Her lips shaped the words, and her fixed eyes stared at Charles Raymond's face with an awful look.

"He is dying. It would be foolish to deceive you with any false hope, when in four-and-twenty hours' time all will be finished. He went out – riding – the other night, and fell from his horse, as it is supposed. He was found by some haymakers early the next morning, lying helpless, some miles from the Priory, and was carried home. The medical men give no hope of his recovery; but he has been sensible at intervals ever since. I have been a great deal with him – constantly with him; and his cousin Gwendoline is there. He wants to see you, Isabel; of course he knows nothing of your husband's death; I did not know of it myself till I came here this morning. He wants to see you, my poor child. Do you think you can come?"

She rose and bent her head slowly as if in assent, but the fixed look of horror never left her face. She moved towards the door, and seemed as if she wanted to go at once – dressed as she was, with the old faded shawl wrapped about her.

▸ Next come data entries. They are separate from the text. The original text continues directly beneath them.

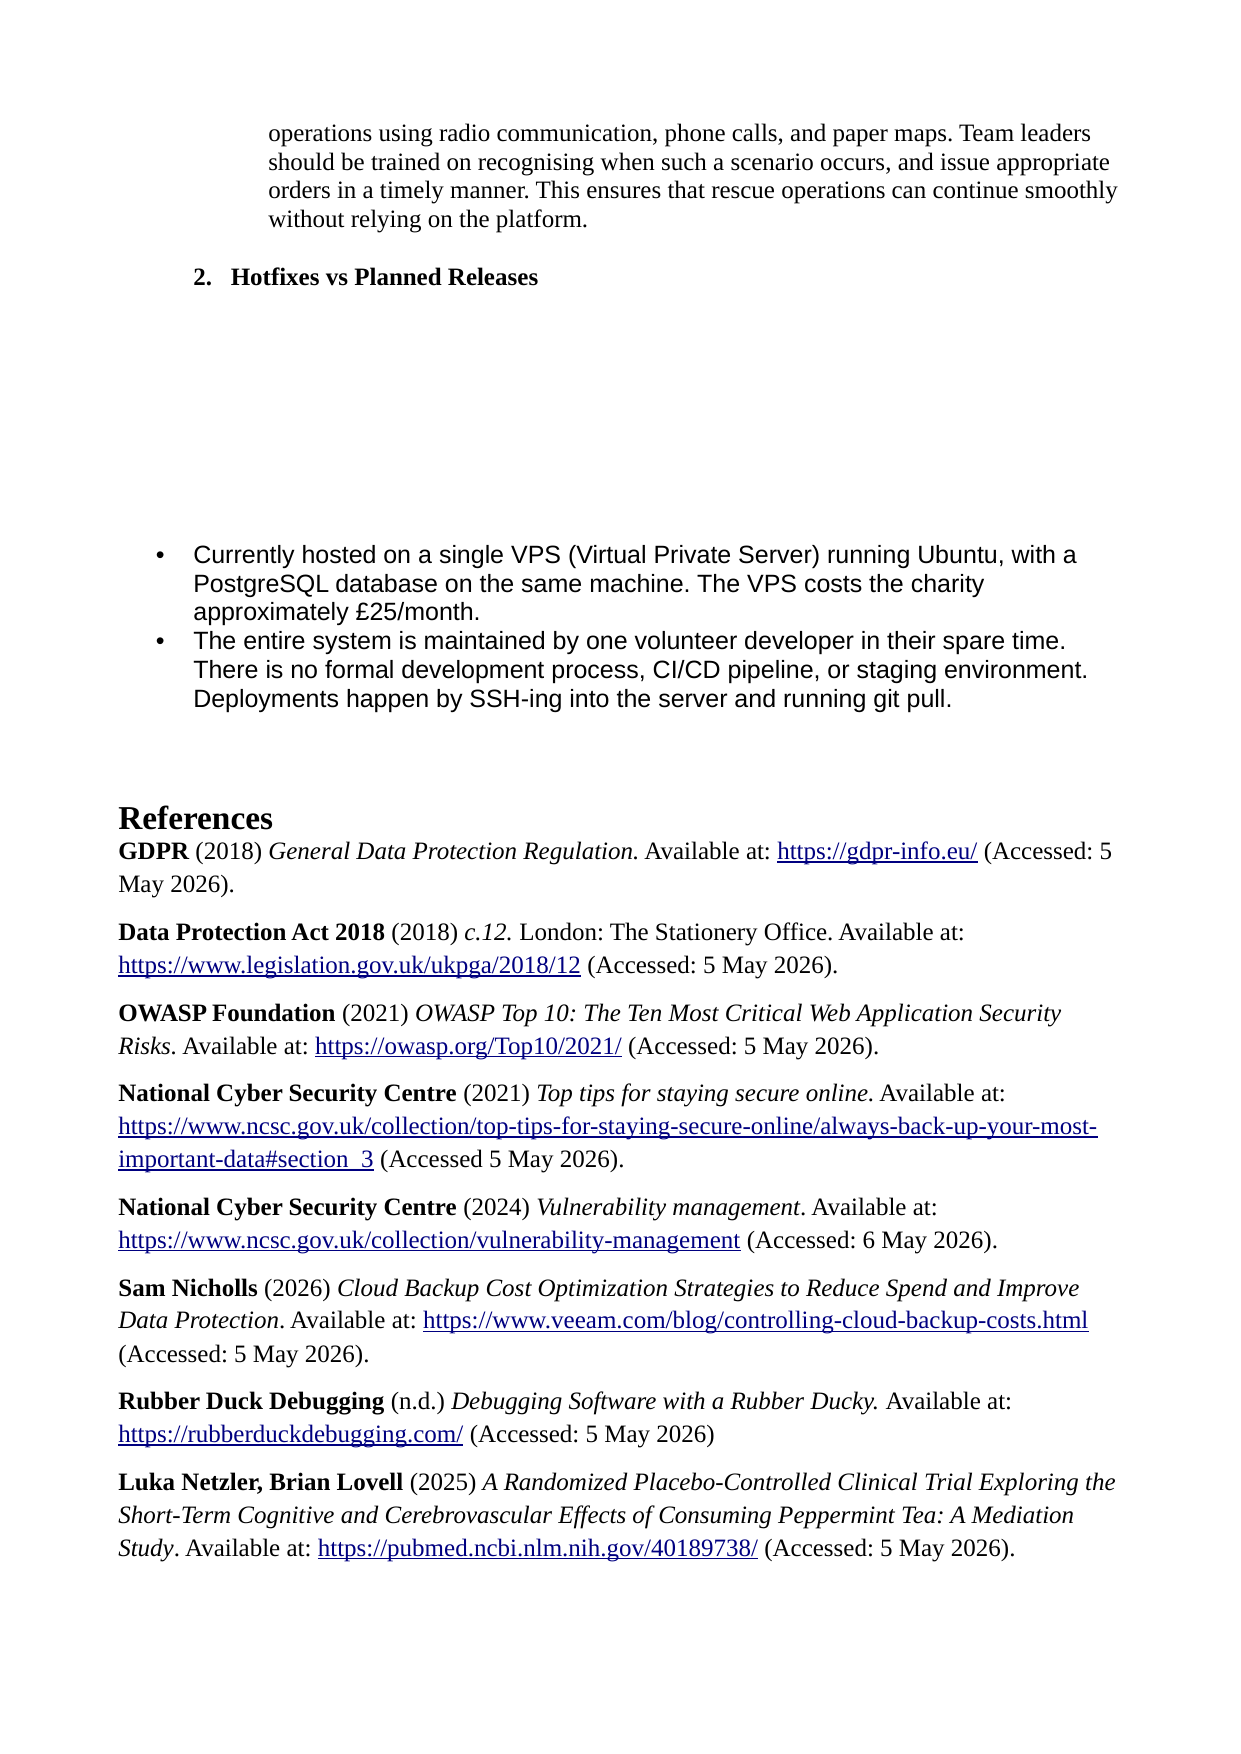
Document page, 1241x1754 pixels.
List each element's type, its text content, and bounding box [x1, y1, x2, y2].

text Rubber Duck Debugging (n.d.) Debugging Software with a Rubber Ducky. Available at: https://rubberduckdebugging.com/ (Accessed: 5 May 2026) [118, 1386, 1122, 1448]
list operations using radio communication, phone calls, and paper maps. Team leaders should be trained on recognising when such a scenario occurs, and issue appropriate orders in a timely manner. This ensures that rescue operations can continue smoothly without relying on the platform. [231, 118, 1122, 233]
text Sam Nicholls (2026) Cloud Backup Cost Optimization Strategies to Reduce Spend and Improve Data Protection. Available at: https://www.veeam.com/blog/controlling-cloud-backup-costs.html (Accessed: 5 May 2026). [118, 1273, 1122, 1367]
text Luka Netzler, Brian Lovell (2025) A Randomized Placebo-Controlled Clinical Trial Exploring the Short-Term Cognitive and Cerebrovascular Effects of Consuming Peppermint Tea: A Mediation Study. Available at: https://pubmed.ncbi.nlm.nih.gov/40189738/ (Accessed: 5 May 2026). [118, 1467, 1122, 1562]
text National Cyber Security Centre (2021) Top tips for staying secure online. Available at: https://www.ncsc.gov.uk/collection/top-tips-for-staying-secure-online/always-back-up-your-most-important-data#section_3 (Accessed 5 May 2026). [118, 1078, 1122, 1173]
list Currently hosted on a single VPS (Virtual Private Server) running Ubuntu, with a PostgreSQL database on the same machine. The VPS costs the charity approximately £25/month. [156, 540, 1122, 626]
text Data Protection Act 2018 (2018) c.12. London: The Stationery Office. Available at: https://www.legislation.gov.uk/ukpga/2018/12 (Accessed: 5 May 2026). [118, 917, 1122, 979]
text National Cyber Security Centre (2024) Vulnerability management. Available at: https://www.ncsc.gov.uk/collection/vulnerability-management (Accessed: 6 May 2026). [118, 1192, 1122, 1254]
text OWASP Foundation (2021) OWASP Top 10: The Ten Most Critical Web Application Security Risks. Available at: https://owasp.org/Top10/2021/ (Accessed: 5 May 2026). [118, 998, 1122, 1059]
text References [118, 798, 1122, 836]
list The entire system is maintained by one volunteer developer in their spare time. There is no formal development process, CI/CD pipeline, or staging environment. Deployments happen by SSH-ing into the server and running git pull. [156, 626, 1122, 712]
list Hotfixes vs Planned Releases [193, 262, 1122, 291]
text GDPR (2018) General Data Protection Regulation. Available at: https://gdpr-info.eu/ (Accessed: 5 May 2026). [118, 836, 1122, 898]
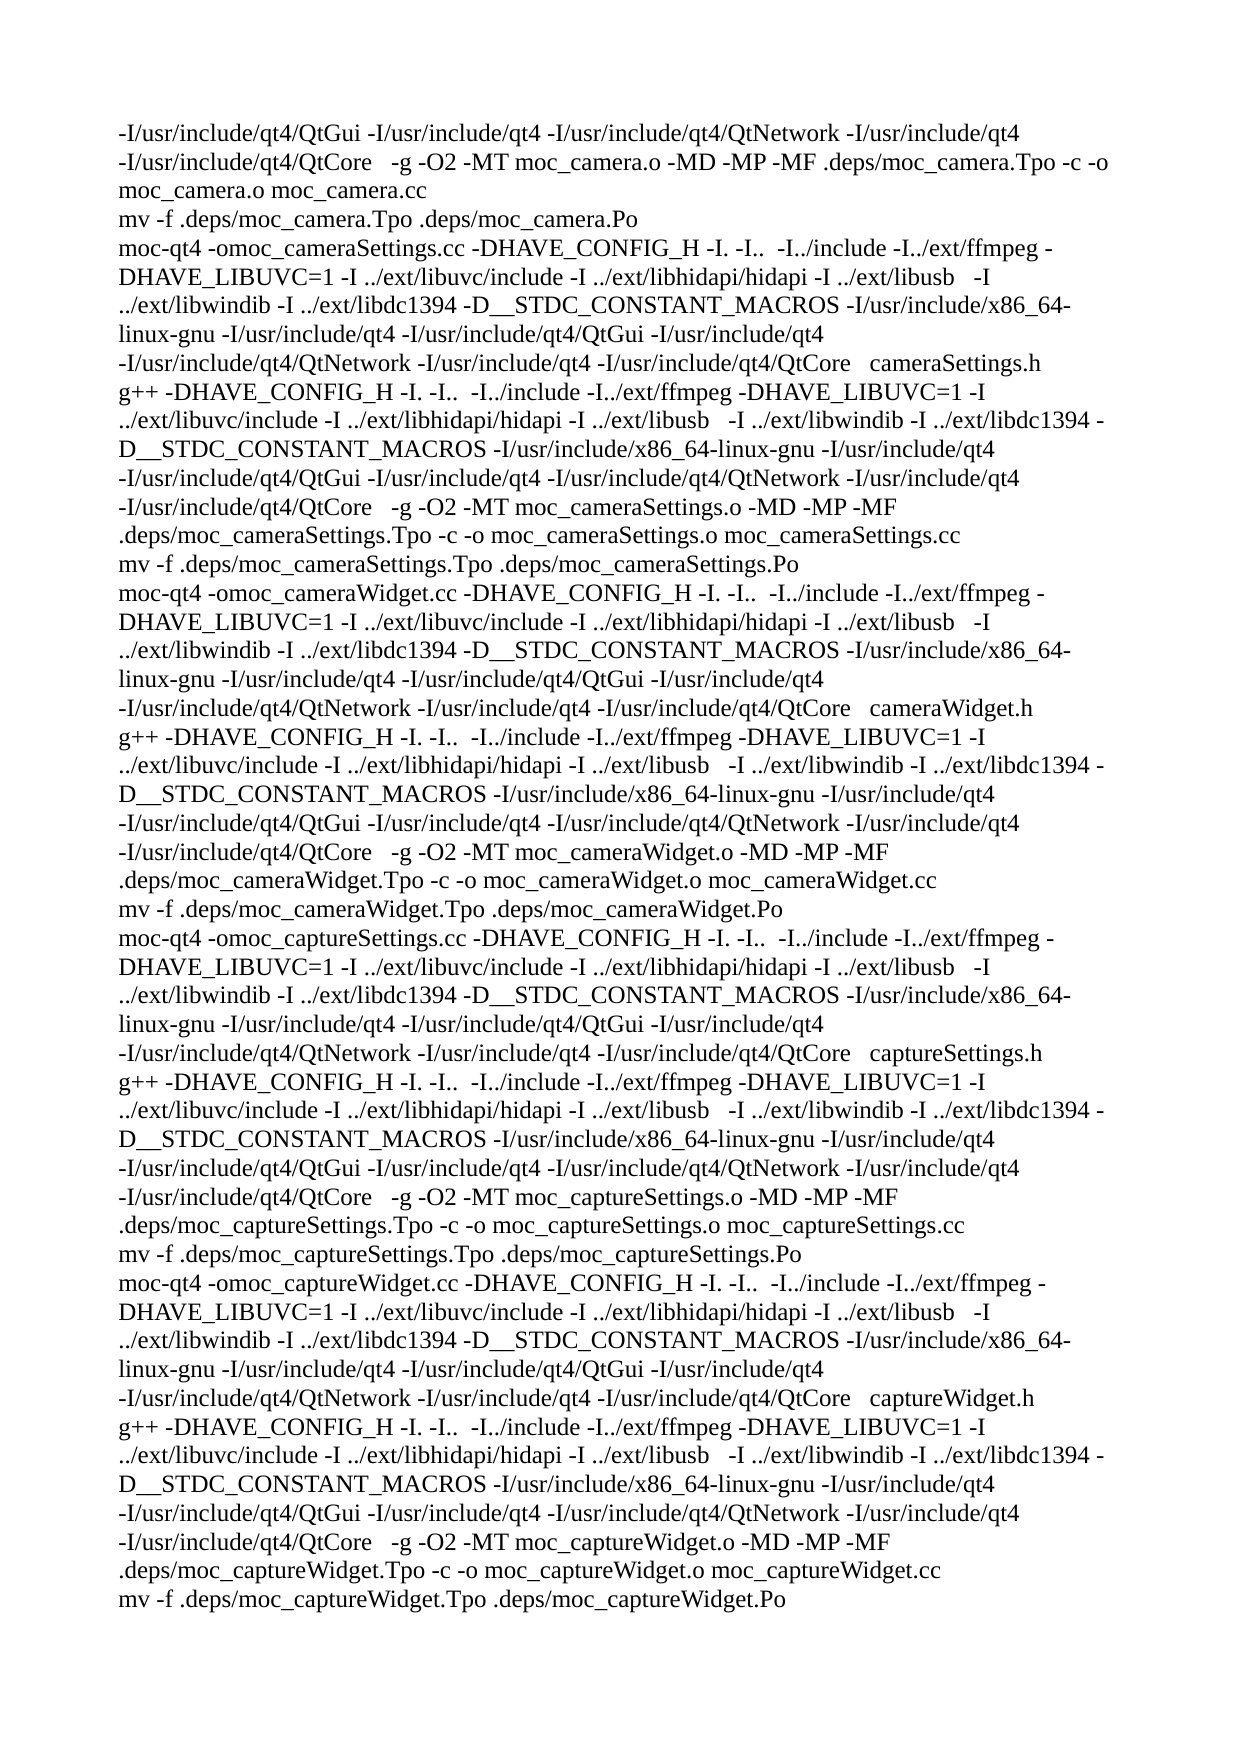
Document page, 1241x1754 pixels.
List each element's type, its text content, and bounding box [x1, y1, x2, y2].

text moc-qt4 -omoc_cameraSettings.cc -DHAVE_CONFIG_H -I. -I.. -I../include -I../ext/ffmpeg -DHAVE_LIBUVC=1 -I ../ext/libuvc/include -I ../ext/libhidapi/hidapi -I ../ext/libusb -I ../ext/libwindib -I ../ext/libdc1394 -D__STDC_CONSTANT_MACROS -I/usr/include/x86_64-linux-gnu -I/usr/include/qt4 -I/usr/include/qt4/QtGui -I/usr/include/qt4 -I/usr/include/qt4/QtNetwork -I/usr/include/qt4 -I/usr/include/qt4/QtCore cameraSettings.h [118, 233, 1122, 377]
text mv -f .deps/moc_camera.Tpo .deps/moc_camera.Po [118, 204, 1122, 233]
text mv -f .deps/moc_captureWidget.Tpo .deps/moc_captureWidget.Po [118, 1584, 1122, 1613]
text g++ -DHAVE_CONFIG_H -I. -I.. -I../include -I../ext/ffmpeg -DHAVE_LIBUVC=1 -I ../ext/libuvc/include -I ../ext/libhidapi/hidapi -I ../ext/libusb -I ../ext/libwindib -I ../ext/libdc1394 -D__STDC_CONSTANT_MACROS -I/usr/include/x86_64-linux-gnu -I/usr/include/qt4 -I/usr/include/qt4/QtGui -I/usr/include/qt4 -I/usr/include/qt4/QtNetwork -I/usr/include/qt4 -I/usr/include/qt4/QtCore -g -O2 -MT moc_captureWidget.o -MD -MP -MF .deps/moc_captureWidget.Tpo -c -o moc_captureWidget.o moc_captureWidget.cc [118, 1412, 1122, 1584]
text mv -f .deps/moc_captureSettings.Tpo .deps/moc_captureSettings.Po [118, 1239, 1122, 1268]
text moc-qt4 -omoc_captureWidget.cc -DHAVE_CONFIG_H -I. -I.. -I../include -I../ext/ffmpeg -DHAVE_LIBUVC=1 -I ../ext/libuvc/include -I ../ext/libhidapi/hidapi -I ../ext/libusb -I ../ext/libwindib -I ../ext/libdc1394 -D__STDC_CONSTANT_MACROS -I/usr/include/x86_64-linux-gnu -I/usr/include/qt4 -I/usr/include/qt4/QtGui -I/usr/include/qt4 -I/usr/include/qt4/QtNetwork -I/usr/include/qt4 -I/usr/include/qt4/QtCore captureWidget.h [118, 1268, 1122, 1412]
text mv -f .deps/moc_cameraSettings.Tpo .deps/moc_cameraSettings.Po [118, 549, 1122, 578]
text g++ -DHAVE_CONFIG_H -I. -I.. -I../include -I../ext/ffmpeg -DHAVE_LIBUVC=1 -I ../ext/libuvc/include -I ../ext/libhidapi/hidapi -I ../ext/libusb -I ../ext/libwindib -I ../ext/libdc1394 -D__STDC_CONSTANT_MACROS -I/usr/include/x86_64-linux-gnu -I/usr/include/qt4 -I/usr/include/qt4/QtGui -I/usr/include/qt4 -I/usr/include/qt4/QtNetwork -I/usr/include/qt4 -I/usr/include/qt4/QtCore -g -O2 -MT moc_cameraSettings.o -MD -MP -MF .deps/moc_cameraSettings.Tpo -c -o moc_cameraSettings.o moc_cameraSettings.cc [118, 377, 1122, 549]
text -I/usr/include/qt4/QtGui -I/usr/include/qt4 -I/usr/include/qt4/QtNetwork -I/usr/include/qt4 -I/usr/include/qt4/QtCore -g -O2 -MT moc_camera.o -MD -MP -MF .deps/moc_camera.Tpo -c -o moc_camera.o moc_camera.cc [118, 118, 1122, 204]
text mv -f .deps/moc_cameraWidget.Tpo .deps/moc_cameraWidget.Po [118, 894, 1122, 923]
text moc-qt4 -omoc_captureSettings.cc -DHAVE_CONFIG_H -I. -I.. -I../include -I../ext/ffmpeg -DHAVE_LIBUVC=1 -I ../ext/libuvc/include -I ../ext/libhidapi/hidapi -I ../ext/libusb -I ../ext/libwindib -I ../ext/libdc1394 -D__STDC_CONSTANT_MACROS -I/usr/include/x86_64-linux-gnu -I/usr/include/qt4 -I/usr/include/qt4/QtGui -I/usr/include/qt4 -I/usr/include/qt4/QtNetwork -I/usr/include/qt4 -I/usr/include/qt4/QtCore captureSettings.h [118, 923, 1122, 1067]
text moc-qt4 -omoc_cameraWidget.cc -DHAVE_CONFIG_H -I. -I.. -I../include -I../ext/ffmpeg -DHAVE_LIBUVC=1 -I ../ext/libuvc/include -I ../ext/libhidapi/hidapi -I ../ext/libusb -I ../ext/libwindib -I ../ext/libdc1394 -D__STDC_CONSTANT_MACROS -I/usr/include/x86_64-linux-gnu -I/usr/include/qt4 -I/usr/include/qt4/QtGui -I/usr/include/qt4 -I/usr/include/qt4/QtNetwork -I/usr/include/qt4 -I/usr/include/qt4/QtCore cameraWidget.h [118, 578, 1122, 722]
text g++ -DHAVE_CONFIG_H -I. -I.. -I../include -I../ext/ffmpeg -DHAVE_LIBUVC=1 -I ../ext/libuvc/include -I ../ext/libhidapi/hidapi -I ../ext/libusb -I ../ext/libwindib -I ../ext/libdc1394 -D__STDC_CONSTANT_MACROS -I/usr/include/x86_64-linux-gnu -I/usr/include/qt4 -I/usr/include/qt4/QtGui -I/usr/include/qt4 -I/usr/include/qt4/QtNetwork -I/usr/include/qt4 -I/usr/include/qt4/QtCore -g -O2 -MT moc_captureSettings.o -MD -MP -MF .deps/moc_captureSettings.Tpo -c -o moc_captureSettings.o moc_captureSettings.cc [118, 1067, 1122, 1239]
text g++ -DHAVE_CONFIG_H -I. -I.. -I../include -I../ext/ffmpeg -DHAVE_LIBUVC=1 -I ../ext/libuvc/include -I ../ext/libhidapi/hidapi -I ../ext/libusb -I ../ext/libwindib -I ../ext/libdc1394 -D__STDC_CONSTANT_MACROS -I/usr/include/x86_64-linux-gnu -I/usr/include/qt4 -I/usr/include/qt4/QtGui -I/usr/include/qt4 -I/usr/include/qt4/QtNetwork -I/usr/include/qt4 -I/usr/include/qt4/QtCore -g -O2 -MT moc_cameraWidget.o -MD -MP -MF .deps/moc_cameraWidget.Tpo -c -o moc_cameraWidget.o moc_cameraWidget.cc [118, 722, 1122, 894]

"You'd better get your housekeeper to make you comfortable and tidy, while I go and engage a fly," said Mr. Raymond; and then looking her full in the face, he added, "Can you promise me to be very calm and quiet when you see him? You had better not come unless you can promise me as much as that. His hours are numbered, as it is; but any violent emotion would be immediately fatal. A man's last hours are very precious to him, remember; the hours of a man who knows his end is near make a sacred mystical period in which the world drops far away from him, and he is in a kind of middle region between this life and the next. I want you to recollect this, Isabel. The man you are going to see is not the man you have known in the past. There would be very little hope for us after death, if we found no hallowing influence in its approach."

"I will recollect," Isabel answered. She had shed no tears since she had been told of Roland's danger. Perhaps this new and most terrible shock had nerved her with an unnatural strength. And amid all the anguish comprehended in the thought of his death, it scarcely seemed strange to her that Roland Lansdell should be dying. It seemed rather as if the end of the world had suddenly come about; and it mattered very little who should be the first to perish. Her own turn would come very soon, no doubt.

Mr. Raymond met Mrs. Jeffson in the passage, and said a few words to her before he went out of the house. The good woman was shocked at the tidings of Mr. Lansdell's accident. She had thought very badly of the elegant young master of Mordred Priory; but death and sorrow take the bitterness out of a true-hearted woman's feelings, and Matilda was womanly enough to forgive Roland for the wish that summoned the Doctor's Wife to his deathbed. She went up-stairs, and came down with Isabel's bonnet and cloak and simple toilet paraphernalia; and presently Mrs. Gilbert had a consciousness of cold water splashed upon her face, and a brush passed over her tangled hair. She felt only half conscious of these things, as she might have felt had they been the events of a dream. So presently, when Mr. Raymond came back, accompanied by the muffled rolling of wheels in the straw-bestrewn lane, and she was half lifted into the old-fashioned, mouldy-smelling Graybridge fly, – so all along the familiar high-road, past the old inn with the sloping roof, where the pigeons were cooing to each other, as if there had been no such thing as death or sorrow in the world, – so under the grand gothic gates of monastic Mordred, it was all like a dream – a terrible oppressive dream – hideous by reason of some vague sense of horror rather than by the actual vision presented to the eyes of the sleeper. In a troubled dream it is always thus, – it is always a hidden, intangible something that oppresses the dreamer.